Pachyderms anyone?
May 18, 2009 | Filed Under The Heartless Bitch Way | 14 Comments
According to this article in the Toronto Globe and Mail, girls are now outnumbering boys in science fairs in Canada. According to the article,
“Five years ago, boys made up 55 per cent of the competitors at the annual Canada-Wide Science Fair, a national competition where youth in grades 7 to 12 compete against other regional representatives. After a steady decline, this year boys are in the minority at 44 per cent. “
Not only that,
“Girls are also claiming the lion’s share of prize money available each year: Eight of the last nine overall winners have been female.”

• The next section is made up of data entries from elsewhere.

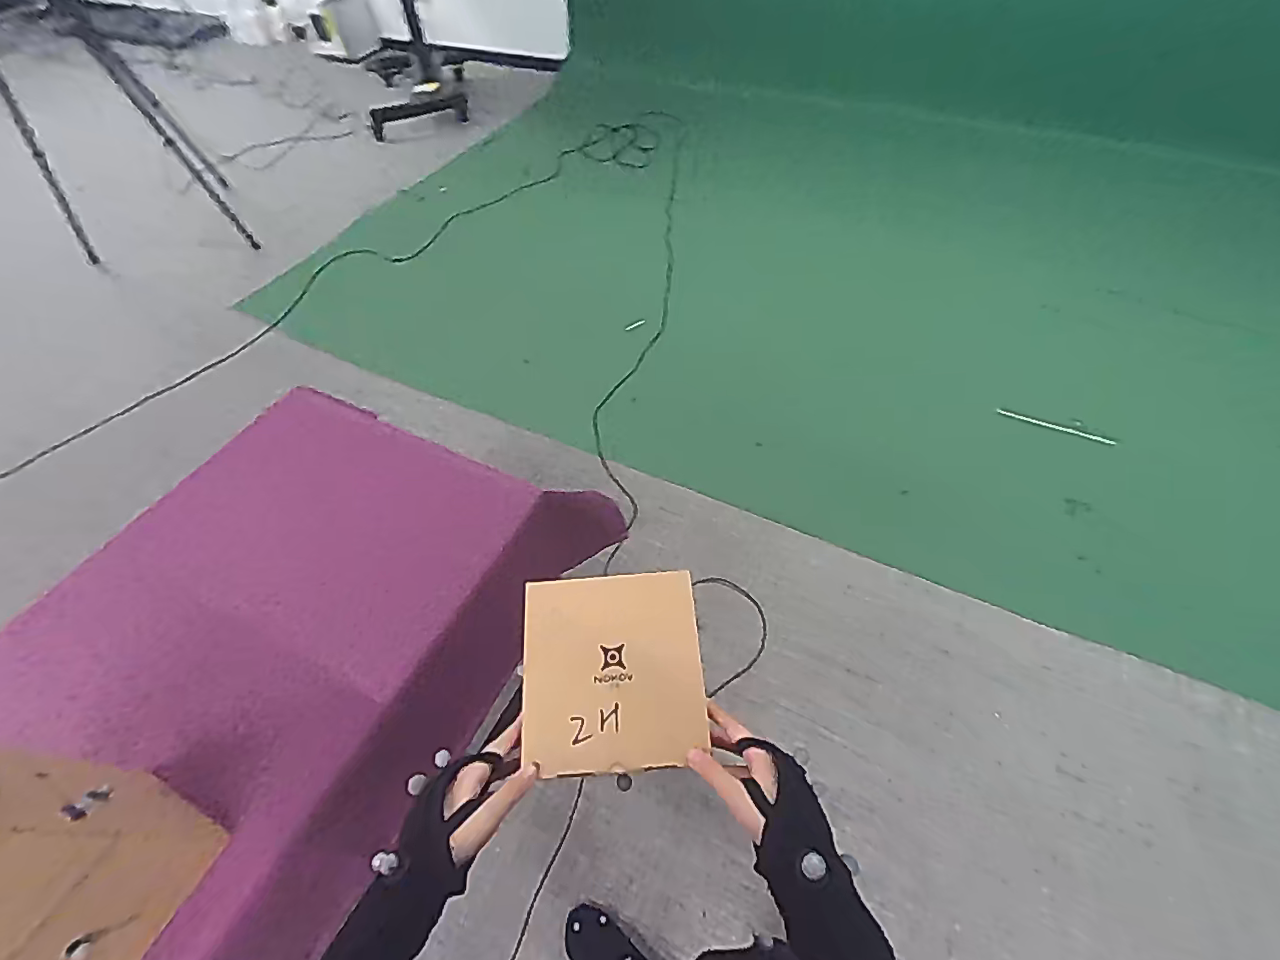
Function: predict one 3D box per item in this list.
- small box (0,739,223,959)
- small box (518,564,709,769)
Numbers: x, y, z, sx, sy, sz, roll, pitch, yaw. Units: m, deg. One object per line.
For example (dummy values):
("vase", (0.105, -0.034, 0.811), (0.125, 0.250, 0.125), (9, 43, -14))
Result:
("small box", (-0.602, 0.407, 0.562), (0.168, 0.176, 0.179), (20, 58, 17))
("small box", (-0.023, 0.201, 0.567), (0.168, 0.176, 0.179), (-4, 62, 1))

Time and time again, when girls start to actually excel, and, heaven forefend, surpass boys, there are those who insist that there MUST be a problem with the education system. I’ve heard excuses like “feminization” of the education system, and even,
“Carole Charlebois, executive director of Quebec’s provincial branch of YSC, says she suspects the pendulum has swung too far in the girls’ direction and boys are being left out and left behind. “We’re seeing a real decrease in interest and good marks from the boys.”
Of course, at least a couple of the girls kicking their asses, have a somewhat different theory,
“If I were to say [why] — I know this might sound a bit sexist — but most of the time, the girls are more persistent in the work,” said Ronan Lefol, a Grade 12 student from Saskatoon, who started competing in science fairs in Grade 1 and has gone on to win thousands of dollars in scholarship money.

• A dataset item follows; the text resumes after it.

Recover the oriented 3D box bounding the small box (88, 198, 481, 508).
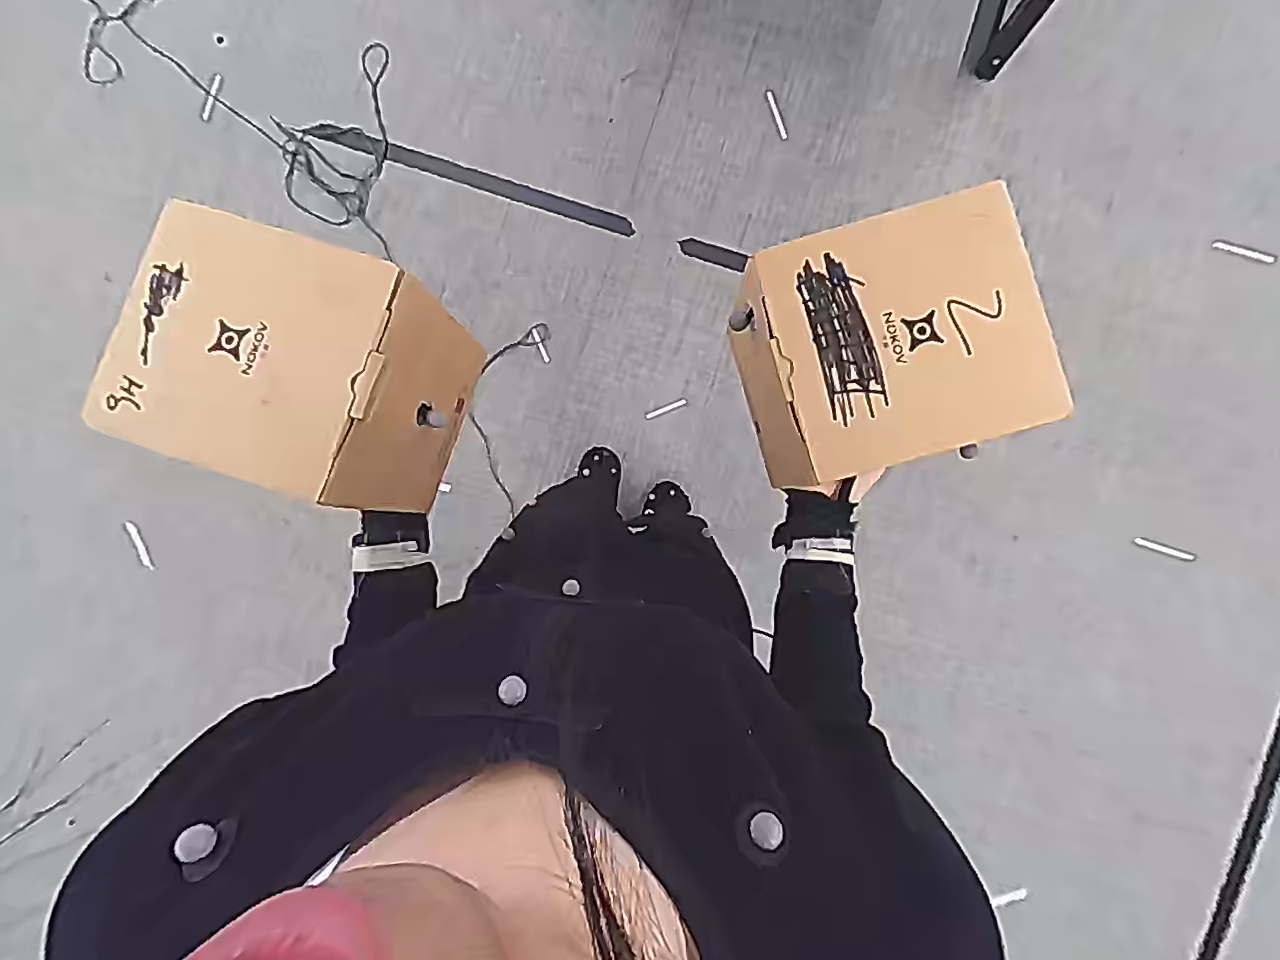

Megan Hawse, 13, said many of her male peers in Mount Pearl, Nfld., would rather play sports than spend the hours she logged on evenings and weekends for her experiment on whether algae could be a sufficient source of Omega 3 for humans.

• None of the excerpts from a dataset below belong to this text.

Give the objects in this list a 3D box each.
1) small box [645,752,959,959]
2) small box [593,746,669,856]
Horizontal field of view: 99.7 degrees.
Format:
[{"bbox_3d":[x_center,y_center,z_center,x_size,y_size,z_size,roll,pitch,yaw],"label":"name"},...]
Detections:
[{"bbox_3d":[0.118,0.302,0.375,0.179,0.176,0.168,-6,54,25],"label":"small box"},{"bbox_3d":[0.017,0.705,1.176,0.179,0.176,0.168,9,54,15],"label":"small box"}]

Yes, there are now a few scholarships specifically designed to encourage women to go into the sciences, but I doubt that is a barrier to 12-year-old males participating in science fairs.
Far be it for anyone to point out the elephant in the room - could it be, perhaps, rather than an education system that favors girls, and disadvantages boys, it’s just that when the barriers are removed, and girls are actually encouraged to participate in science and math, they actually ARE better at it than the guys?
Wouldn’t THAT be a terrifying thought for the men….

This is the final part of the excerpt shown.